Physical Chemistry> ATOMIC STRUCTURE...

an electron is a hydrogen atom in its ground state absorbs 1.50 times as much energy as the minimum required for its escape from the atom.what is the wavelength of emitted electron?A)4.70 ANGSTROMB)4.70 NANOMETERC)9.4 ANGSTROMD)9.40 NANOMETER

DEEPANKAR TULSIANI , 15 Years ago

Grade 12

7 Answers

askiitian.expert- chandra sekhar

Last Activity: 15 Years ago

Hi Deepankar, Energy required for the electron to escape is 13.6 eV Excess energy that electron have is 0.5*13.6=6.8 eV 6.8 * 1.6 *10^-19 J = h c/wavelength but the answers are not matching... there might may be some mistake... check it out

nishchith

Last Activity: 9 Years ago

excess energy = 6.8 eV = 6.8 * 1.6 * 10^-19 J = 1.09 * 10^-18 J

h/mc = wavelength

here it can also be written as wavelength = h/sqrt(2mKE)

where h = 6.626 * 10^-34

m = 9.1 * 10^-31 kg

KE = eV = 1.09 * 10^-18 J

so substitute these answers and the right answer is 4.7 angstrom.

nishchith

Last Activity: 9 Years ago

excess energy = 6.8 eV = 6.8 * 1.6 * 10^-19 J = 1.09 * 10^-18 J

h/mc = wavelength

here it can also be written as wavelength = h/sqrt(2mKE)

where h = 6.626 * 10^-34

m = 9.1 * 10^-31 kg

KE = eV = 1.09 * 10^-18 J

so substitute these answers and the right answer is 4.7 angstrom.

Heet Surana

Last Activity: 8 Years ago

Energy required for the electron to escape is 13.6 eV Excess energy that electron have is 0.5*13.6=6.8 eV 6.8 * 1.6 *10^-19 J = h c/wavelength but the answers are not matching... there might may be some mistake... check it out

Ankit

Last Activity: 6 Years ago

Excess energy = 13.6×.5 =6.8And lambda = square root of 150 / V A° where V is the potential difference supplied to electron So lambda = square.

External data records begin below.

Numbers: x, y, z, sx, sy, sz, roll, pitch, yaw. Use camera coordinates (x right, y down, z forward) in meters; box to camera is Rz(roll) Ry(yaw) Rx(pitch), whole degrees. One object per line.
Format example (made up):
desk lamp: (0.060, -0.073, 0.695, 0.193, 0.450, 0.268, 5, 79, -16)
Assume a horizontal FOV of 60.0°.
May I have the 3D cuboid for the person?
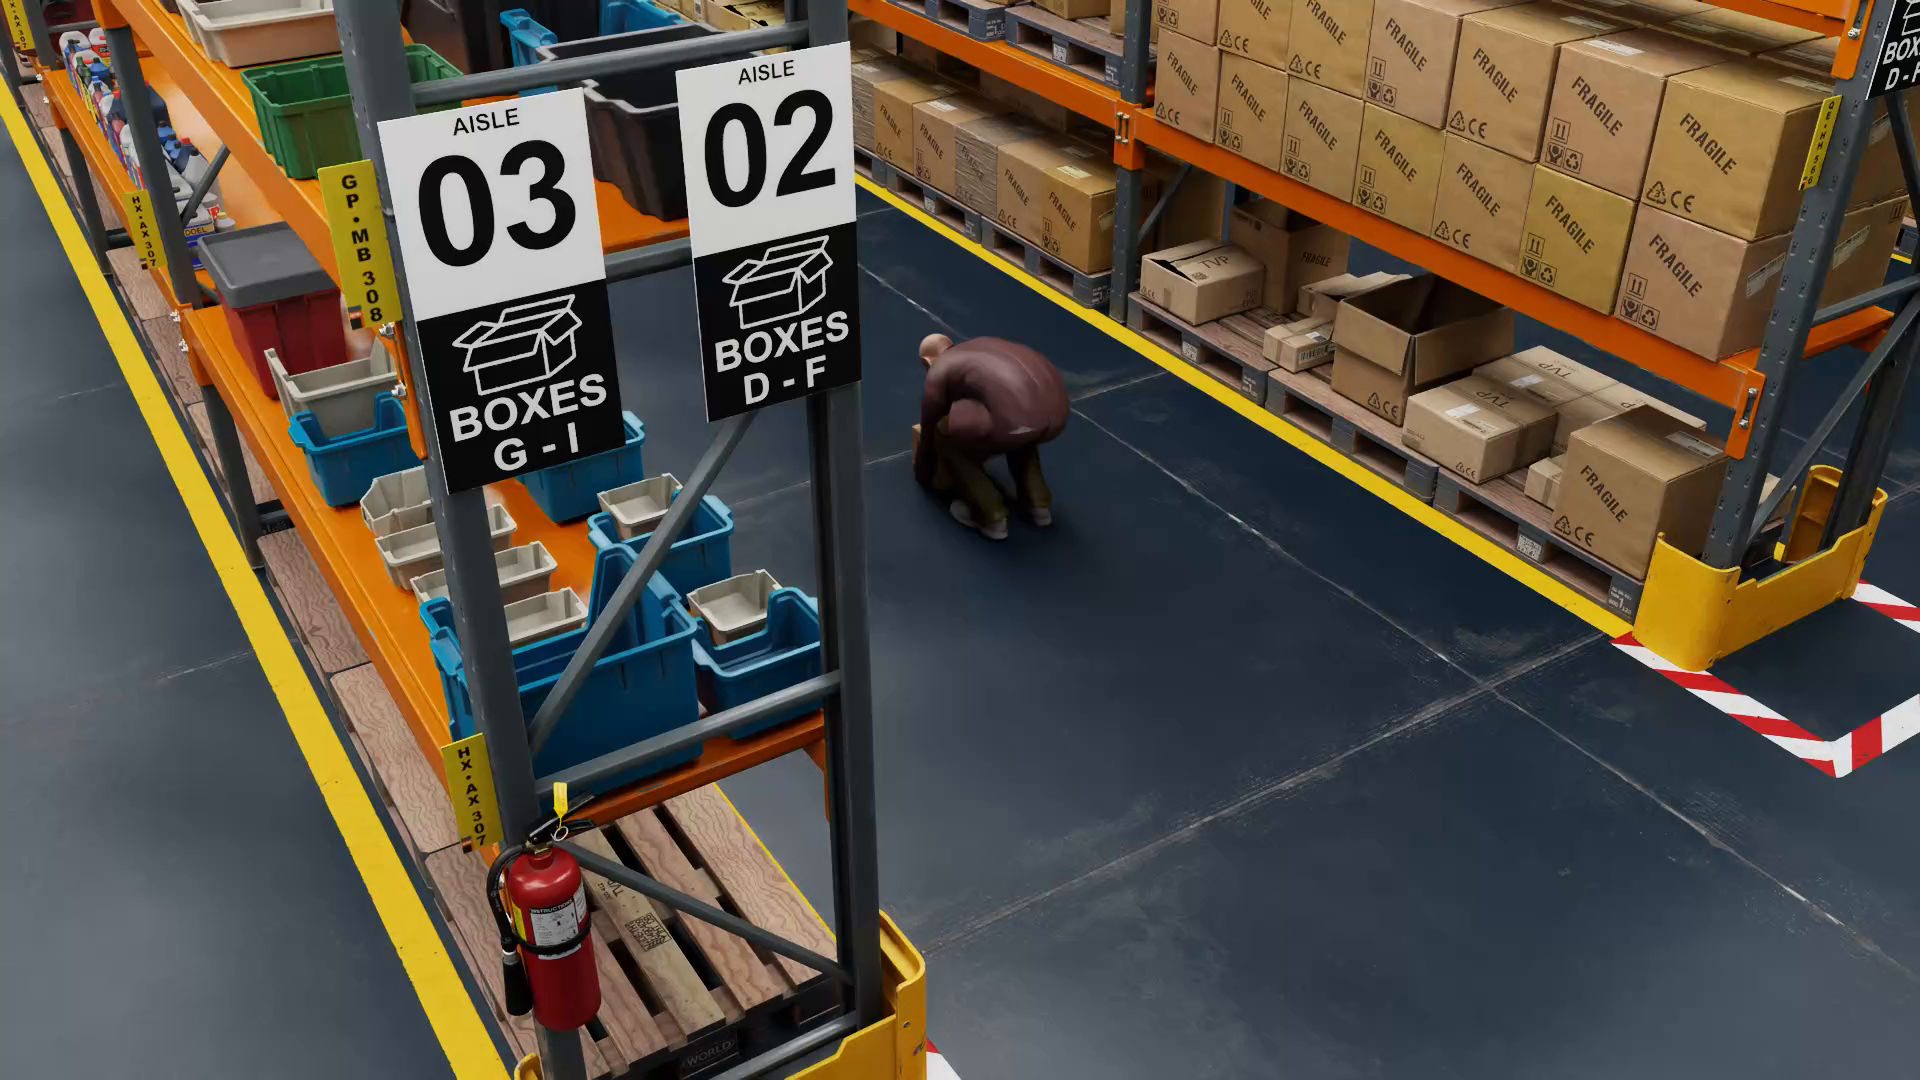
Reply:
person: (0.123, -0.537, 7.864, 0.592, 0.898, 0.953, -20, 37, -29)

Rt 150/6.8 that gives lambda = 4.71 A°

Alankrita Singh

Last Activity: 6 Years ago

wavelength=12.27A°/√V

So V=13.6×1.5×1.6×10^-19

Wavelength=4.7A° .........................................................

ankit singh

Last Activity: 4 Years ago

he energy given to electron is 13.6×1.5 = 20.4eV. So the kinetic energy of emitted electron is = 20.4-13.6 = 6.8eV. The wavelength of wave associated with electron moving with kinetic energy N eV is, (12.27) / (N^1/2) angstrom. 12.27/ (6.8)^1/2 = 4.7 angstrom.